Translation:She goes to school by foot.

September 14, 2014

29 Comments


https://www.duolingo.com/profile/paschalisb

I think it should be "She goes to school ON foot"


https://www.duolingo.com/profile/Xneb

Yes, both are correct, but I've added "on foot" now, too


https://www.duolingo.com/profile/Insti2

"by foot" is not correct English where I come from.

If I was trying to express the sentiment of this sentence I'd say: "She walks to school"


https://www.duolingo.com/profile/Xneb

That is also accepted as an answer


https://www.duolingo.com/profile/BigWillyLad

yeah well hey buddy unfortunately the English of England, the purest form of English, has 'by foot' so stfu


https://www.duolingo.com/profile/OleSuhr

Aaarrgh! This is so incredible!
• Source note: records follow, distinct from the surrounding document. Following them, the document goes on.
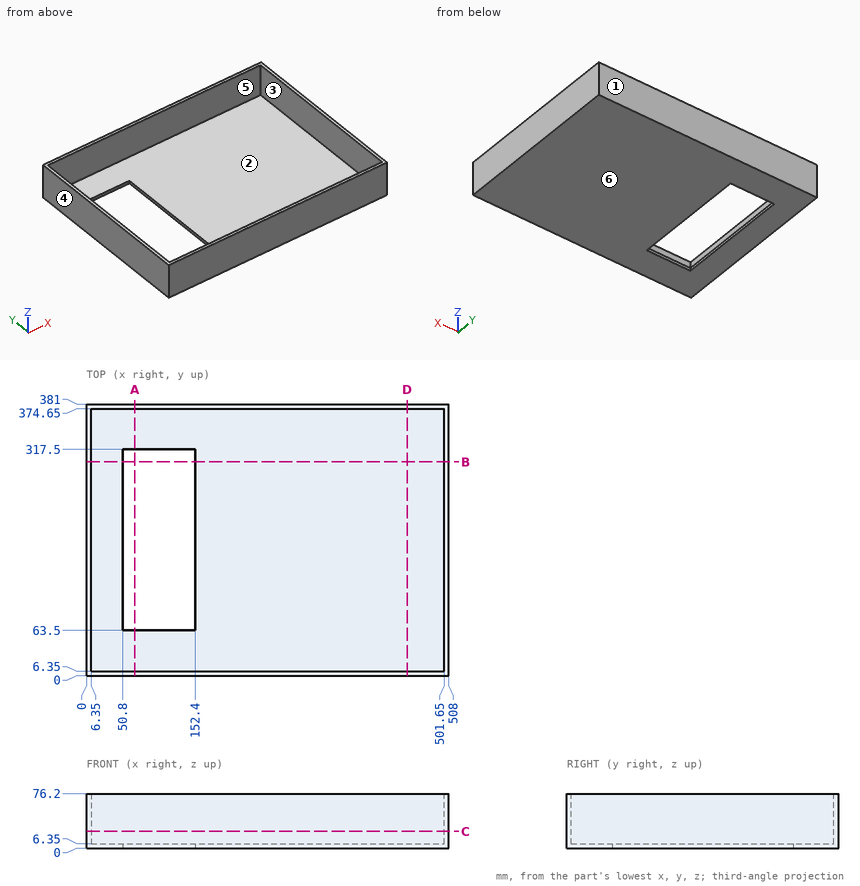
Geometry check sheet. Reference: drawing and pictorial views, mm from the part's lowest x, y, z. A direction names the side the tool comes from. Round coordinates to 2 decimals unless told otherwise and drop trailing zeros. Loops run counter-clockwise (first coordinate to the right, second up) from the corner with the lowest first, then second, coordinate; pieces in that order, holes last. Notation, with made-up numbers: (85, 6) - (104, 6) arc R11 cw to (104, 15) - close; hole circle Ø4 at (24, 49). An arc over 180 degrees is marked (long way). Use a Markdown table: item, result. Add a question column.
1. Section check D-D, the plane x = 449.5. Record the boundary of the cut face in (y, z).
2. Gauge pin test, flat end, axial feed: pin 1 (3 mm diameter, centred on x = 335.5, y = 267.5, fed in from +Z). Record the tip position at first contact, or that the pin passes through.
3. Section check C-C, the plane z = 23.5. Record the boundary of the cut face in (x, y), plus the area to 3 significant figures.
4. Section check B-B, the plane y = 300. Record the boundary of the cut face in (x, z).
5. Thickness scan on probe 1 along Y at (x, z) = (410, 50); probe 2 along X at (y, z) = (27.5, 38); probe 3 along X at (y, z) = (127.5, 5). Record the ranges inside material, lowest first. Write a range as [from, to].
6. Release check for a two-part mould opening along Y. For the marked faces 1, 2, 3 and 4 record: released by +Y, released by -Y, zero draft, split by the parting line, or undercut.
7. Access from +Z, -Z, +X, -X, +Y, -Y to the whole of each face (thin tool, end or side, straight path). Record for the marked faces 5 and 6.
8. Section check A-A, the plane x = 68. Record the boundary of the cut face in (y, z).
Checks:
| question | item | result |
|---|---|---|
| 1 | outline | (0, 0) - (381, 0) - (381, 76.2) - (374.65, 76.2) - (374.65, 6.35) - (6.35, 6.35) - (6.35, 76.2) - (0, 76.2) - close |
| 2 | pin 1 | stops at z = 6.35 |
| 3 | outline | (0, 0) - (508, 0) - (508, 381) - (0, 381) - close; hole (6.35, 6.35) - (501.65, 6.35) - (501.65, 374.65) - (6.35, 374.65) - close |
| 3 | area | 11,100 mm^2 |
| 4 | outline | (0, 0) - (50.8, 0) - (50.8, 6.35) - (6.35, 6.35) - (6.35, 76.2) - (0, 76.2) - close; (152.4, 0) - (508, 0) - (508, 76.2) - (501.65, 76.2) - (501.65, 6.35) - (152.4, 6.35) - close |
| 5 | probe 1 | y = [0, 6.35], [374.65, 381] |
| 5 | probe 2 | x = [0, 6.35], [501.65, 508] |
| 5 | probe 3 | x = [0, 50.8], [152.4, 508] |
| 6 | face 1 | released by +Y |
| 6 | face 2 | undercut |
| 6 | face 3 | undercut |
| 6 | face 4 | zero draft |
| 7 | face 5 | +Z |
| 7 | face 6 | -Z, +X, -X, +Y, -Y |
| 8 | outline | (0, 0) - (63.5, 0) - (63.5, 6.35) - (6.35, 6.35) - (6.35, 76.2) - (0, 76.2) - close; (317.5, 0) - (381, 0) - (381, 76.2) - (374.65, 76.2) - (374.65, 6.35) - (317.5, 6.35) - close |
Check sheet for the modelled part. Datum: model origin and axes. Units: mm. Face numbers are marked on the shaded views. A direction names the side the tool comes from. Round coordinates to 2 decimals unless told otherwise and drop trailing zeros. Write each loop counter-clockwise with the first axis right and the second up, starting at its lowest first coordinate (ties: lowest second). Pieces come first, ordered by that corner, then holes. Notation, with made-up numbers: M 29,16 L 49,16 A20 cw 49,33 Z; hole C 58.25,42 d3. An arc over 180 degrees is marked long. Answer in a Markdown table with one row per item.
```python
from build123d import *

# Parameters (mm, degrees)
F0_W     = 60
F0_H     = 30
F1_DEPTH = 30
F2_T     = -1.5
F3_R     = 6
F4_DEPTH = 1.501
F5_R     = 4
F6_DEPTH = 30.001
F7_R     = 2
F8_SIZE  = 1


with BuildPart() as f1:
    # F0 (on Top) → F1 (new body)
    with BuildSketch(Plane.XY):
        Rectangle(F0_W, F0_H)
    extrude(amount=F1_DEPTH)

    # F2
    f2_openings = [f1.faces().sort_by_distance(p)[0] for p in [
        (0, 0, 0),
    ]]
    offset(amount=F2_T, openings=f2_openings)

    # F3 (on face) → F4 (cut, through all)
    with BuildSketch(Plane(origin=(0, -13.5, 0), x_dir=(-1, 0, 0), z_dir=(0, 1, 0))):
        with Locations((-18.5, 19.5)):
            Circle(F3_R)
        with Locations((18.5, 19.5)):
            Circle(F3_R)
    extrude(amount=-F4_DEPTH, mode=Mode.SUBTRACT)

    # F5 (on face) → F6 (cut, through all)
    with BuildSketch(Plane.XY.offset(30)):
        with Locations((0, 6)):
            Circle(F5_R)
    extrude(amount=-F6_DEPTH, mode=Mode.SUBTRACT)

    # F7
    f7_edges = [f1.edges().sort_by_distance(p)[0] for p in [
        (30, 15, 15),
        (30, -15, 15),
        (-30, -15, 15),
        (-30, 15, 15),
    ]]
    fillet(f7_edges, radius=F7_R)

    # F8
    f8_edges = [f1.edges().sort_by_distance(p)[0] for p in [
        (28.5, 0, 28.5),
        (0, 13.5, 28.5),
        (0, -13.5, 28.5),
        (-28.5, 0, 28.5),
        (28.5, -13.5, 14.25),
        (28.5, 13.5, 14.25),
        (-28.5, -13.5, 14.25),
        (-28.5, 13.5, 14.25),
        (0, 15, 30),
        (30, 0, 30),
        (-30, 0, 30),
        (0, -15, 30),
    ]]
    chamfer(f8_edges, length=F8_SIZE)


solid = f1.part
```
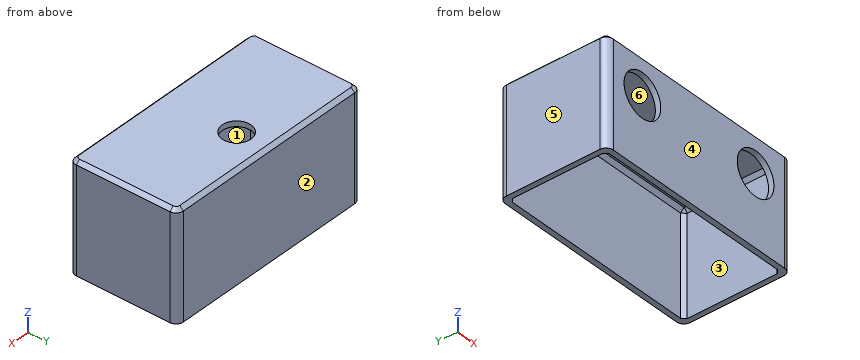
1. Draft check along X on the marked faces 3, 4, 5 and 6. Enter one of: +X half, -X half, draft (parallel to the pull), parting line (faces both ways), or undercut.
Found:
| item | result |
|---|---|
| face 3 | undercut |
| face 4 | draft |
| face 5 | -X half |
| face 6 | undercut |
2. Scan lines: L1, parallel to X at y = -7.75, z = 16.25; L2, parallel to Y at x = -5.5, z = 20.25; L3, parallel to Y at x = -20, z = 17. Record each from-to range of solid material in increasing order.
Found:
| item | result |
|---|---|
| L1 | x = -30 to -28.5, 28.5 to 30 |
| L2 | y = -15 to -13.5, 13.5 to 15 |
| L3 | y = 13.5 to 15 |
3. Section check A-A, the plane y = 6. Record the cut outline in (x, z), and give its area (4 significant figures).
Found:
| item | result |
|---|---|
| outline | M -30,0 L -28.5,0 L -28.5,27.5 L -27.5,28.5 L -4,28.5 L -4,30 L -29,30 L -30,29 Z; M 4,28.5 L 27.5,28.5 L 28.5,27.5 L 28.5,0 L 30,0 L 30,29 L 29,30 L 4,30 Z |
| area | 163.5 mm2 |
4. Section check C-C, the plane x = -18.5. Record the cut outline in (y, z), and give its area (4 significant figures).
Found:
| item | result |
|---|---|
| outline | M -15,0 L -13.5,0 L -13.5,13.5 L -15,13.5 Z; M -15,25.5 L -13.5,25.5 L -13.5,27.5 L -12.5,28.5 L 12.5,28.5 L 13.5,27.5 L 13.5,0 L 15,0 L 15,29 L 14,30 L -14,30 L -15,29 Z |
| area | 112.5 mm2 |
5. Section check D-D, the plane x = -6. Record the cut outline in (y, z), and give its area (4 significant figures).
Found:
| item | result |
|---|---|
| outline | M -15,0 L -13.5,0 L -13.5,27.5 L -12.5,28.5 L 12.5,28.5 L 13.5,27.5 L 13.5,0 L 15,0 L 15,29 L 14,30 L -14,30 L -15,29 Z |
| area | 130.5 mm2 |
6. Go/stop test with flat-tipped pins: pin 1 (8 mm diameter, centred on x = 0, y = -4, fed in from -Z); pin 2 (7 mm diameter, centred on x = 18.5, z = 19.5, fed in from -Y). Record where each tip stops, or that it passes through.
Found:
| item | result |
|---|---|
| pin 1 | stops at z = 28.5 |
| pin 2 | stops at y = 13.5 |
7. Access from +Z, -Z, +X, -X, +Y, -Y to the whole of each face (thin tool, end or side, straight path). Record for the marked faces 1 and 2.
Found:
| item | result |
|---|---|
| face 1 | -Z |
| face 2 | +Z, -Z, +X, -X, +Y |
8. Section check B-B, the plane z = 12.25. Record the cut outline in (x, y), and give its area (3 significant figures).
Found:
| item | result |
|---|---|
| outline | M -30,-13 A2 ccw -28,-15 L 28,-15 A2 ccw 30,-13 L 30,13 A2 ccw 28,15 L -28,15 A2 ccw -30,13 Z; hole M -28.5,-12.5 L -27.5,-13.5 L 27.5,-13.5 L 28.5,-12.5 L 28.5,12.5 L 27.5,13.5 L -27.5,13.5 L -28.5,12.5 Z |
| area | 260 mm2 |

If we assume that we start with the sentence "She walks to school." , then how do we wind up with a sentence that has been screwed up to a point where it is no longer correct English? The correct danish would be "Hun går i skole." or "Hun går hen til skolen." May I suggest that Duolingo makes a serious revision of the exercises they use so that these nonsense sentences are replaced with correct usable sentences that actually help the students to get a better grasp of the language they are studying? Please !!


https://www.duolingo.com/profile/LucBE
  • 2016

Are you a native danish speaker? Is the danish sentence "Hun tager i skole til fods" wrong?


https://www.duolingo.com/profile/OleSuhr

Yes, I am. I can't say that it is wrong as such, but I think that if you use the term that Duolingo uses in Denmark, people would know that you are a foreigner. This is the case with a lot of the exercises in Duolingo, they focus more on the direct translation than the correct spoken language.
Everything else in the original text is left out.